1.5 Furnish Information. It shall be a condition precedent to the obligations
-------------------
of the Company to take any action pursuant to this Section 1 with respect to the
Registrable
7
Securities of any selling Holder that such Holder shall furnish to the Company
such information regarding itself, the Registrable Securities held by it, and
the intended method of disposition of such securities as shall be required to
effect the registration of such Holder's Registrable Securities.

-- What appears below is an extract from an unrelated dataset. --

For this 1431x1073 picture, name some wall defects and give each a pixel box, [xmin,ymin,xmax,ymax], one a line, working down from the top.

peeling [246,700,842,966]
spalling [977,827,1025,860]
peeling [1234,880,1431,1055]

1.6 Expenses of Demand Registration. All expenses other than underwriting
-------------------------------
discounts and commissions and fees and expenses of counsel to the Holders
incurred in connection with registrations, filings or qualifications pursuant to
Section 1.2, including (without limitation) all registration, filing and
qualification fees, printers' and accounting fees, and fees and disbursements of
counsel for the Company shall be borne by the Company, provided, however, that
the Company shall not be required to pay for any expenses of any registration
proceeding begun pursuant to Section 1.2 if the registration request is
subsequently withdrawn at the request of the Holders of a majority of the
Registrable Securities to be registered (in which case all participating Holders
shall bear such expenses), provided further, however, that if at the time of
such withdrawal, the Holders have learned of a material adverse change in the
condition, business, or prospects of the Company from that known to the Holders
at the time of their request and have withdrawn the request with reasonable
promptness following disclosure by the Company of such material adverse change,
then the Holders shall not be required to pay any of such expenses.

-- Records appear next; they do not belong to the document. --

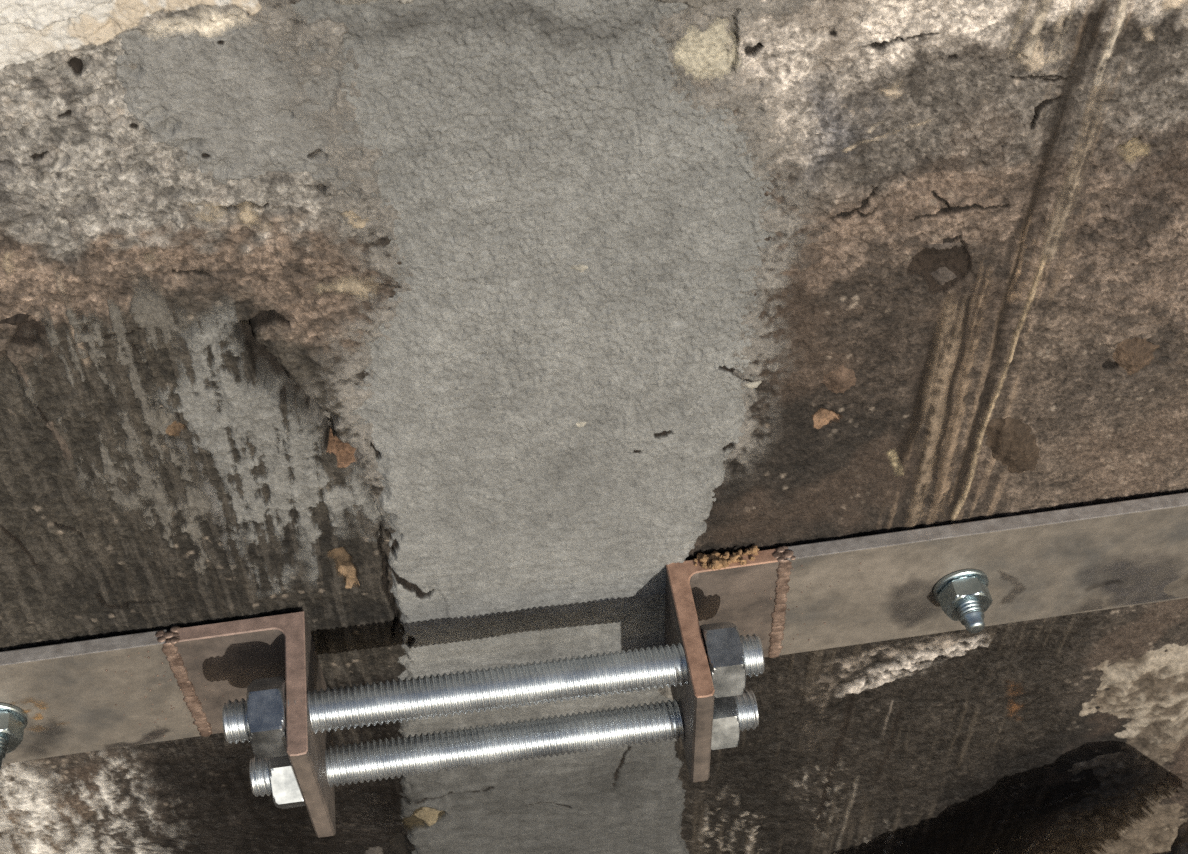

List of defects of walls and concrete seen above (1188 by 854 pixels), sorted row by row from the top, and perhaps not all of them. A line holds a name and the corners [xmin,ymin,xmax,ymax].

spalling [745,42,763,55]
spalling [67,57,83,75]
peeling [239,202,257,224]
crack [830,187,877,218]
crack [914,190,1009,220]
peeling [317,278,373,297]
crack [235,310,337,442]
crack [377,517,434,647]
damp [801,636,988,752]
damp [0,764,63,854]
damp [81,772,143,854]
damp [72,838,91,854]

1.7 INTENTIONALLY OMITTED.
---------------------
1.8 Expenses of Company Registration. The Company shall bear and pay all
--------------------------------
expenses incurred in connection with any registration, filing or qualification
of Registrable Securities with respect to the registrations pursuant to Section
1.3 for each Holder (which right may be assigned as provided in Section 1.14),
including (without limitation) all registration, filing, and qualification fees,
and printers and accounting fees and the reasonable fees and expenses of one
counsel to the Holders selected by them, but excluding underwriting discounts
and commissions relating to Registrable Securities.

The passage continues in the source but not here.